[Collected data]
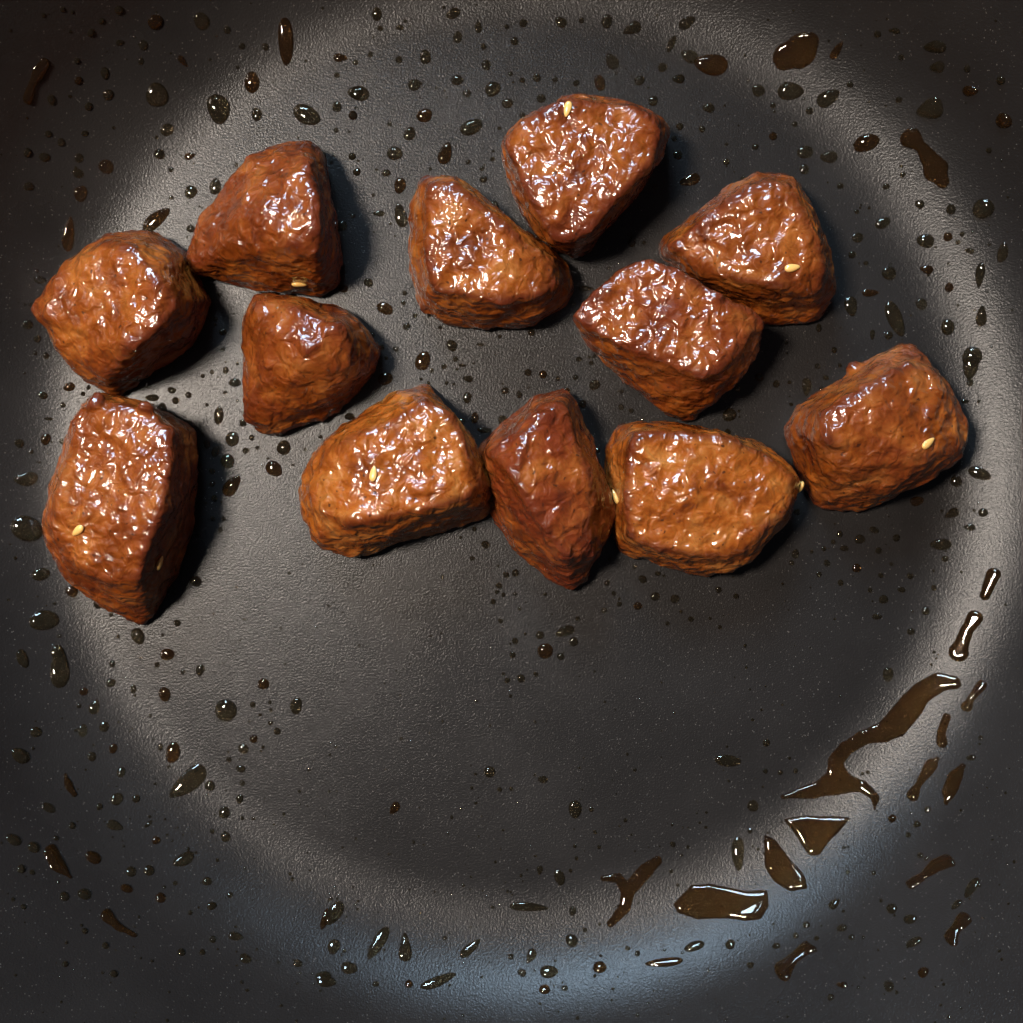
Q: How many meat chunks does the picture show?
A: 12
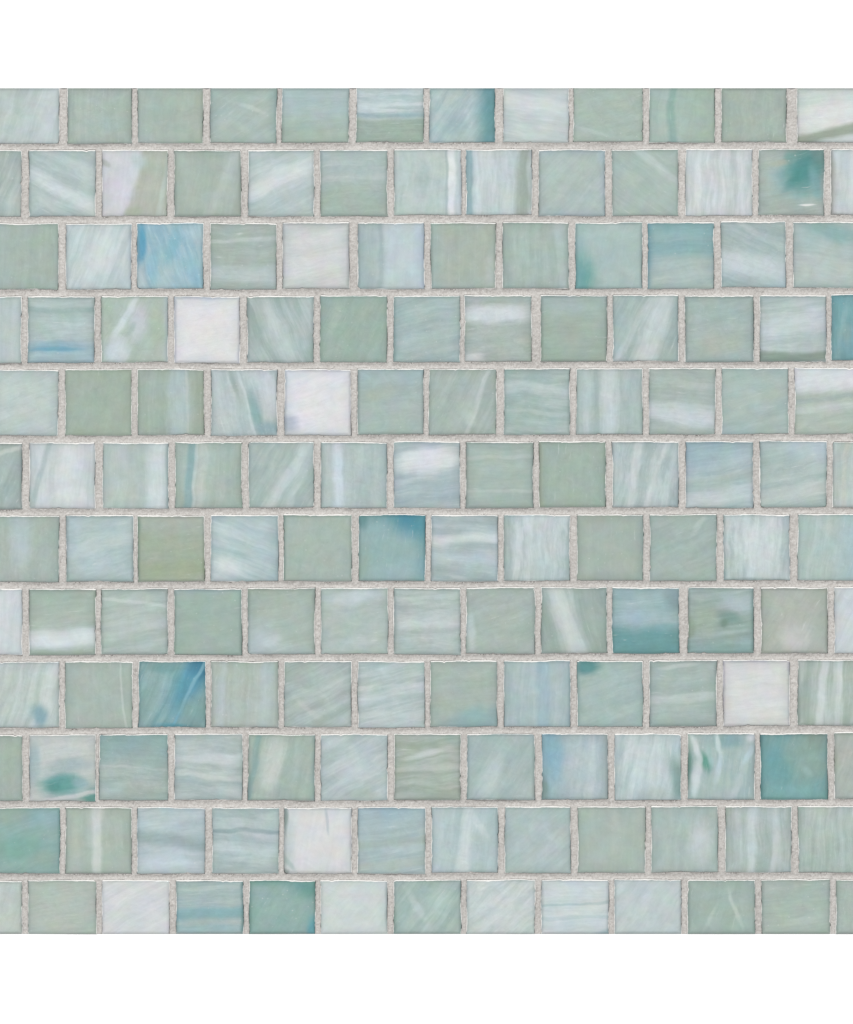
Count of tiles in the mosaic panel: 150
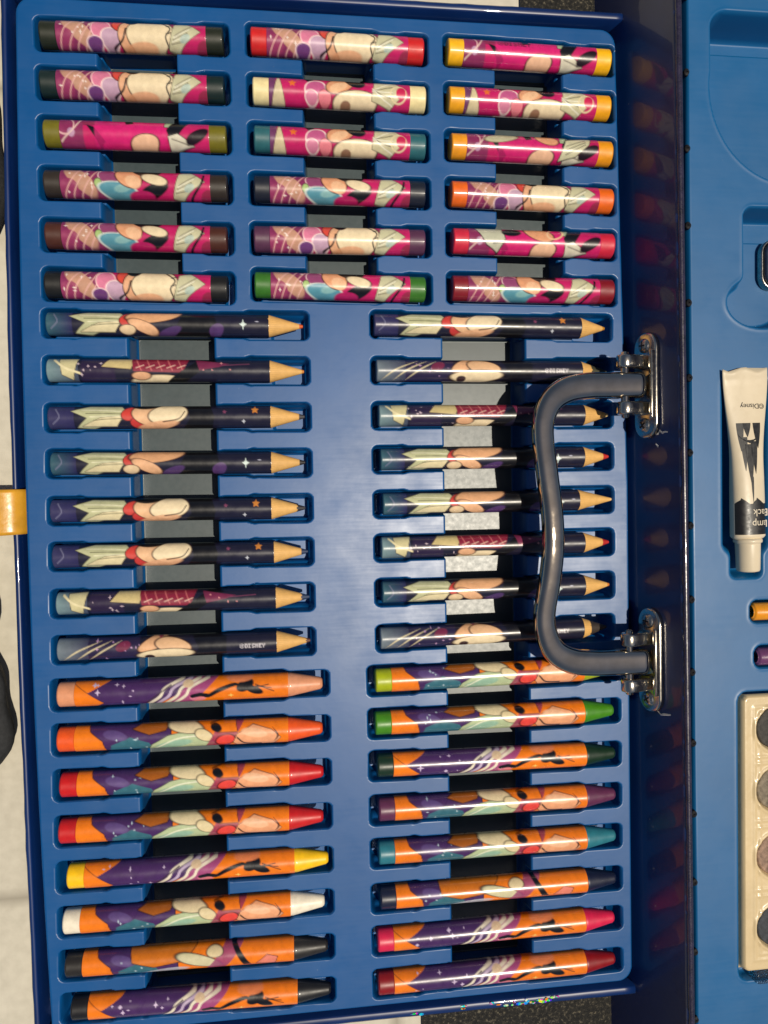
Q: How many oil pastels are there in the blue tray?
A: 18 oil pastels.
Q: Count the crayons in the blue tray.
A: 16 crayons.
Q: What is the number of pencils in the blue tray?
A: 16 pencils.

◆ WORK INSTRUCTIONS ◆
When a line in the data above contains the string "many", copy that line.

◆ ANSWER FOR THIS EXERCISE ◆
Q: How many meat chunks does the picture show?
Q: How many oil pastels are there in the blue tray?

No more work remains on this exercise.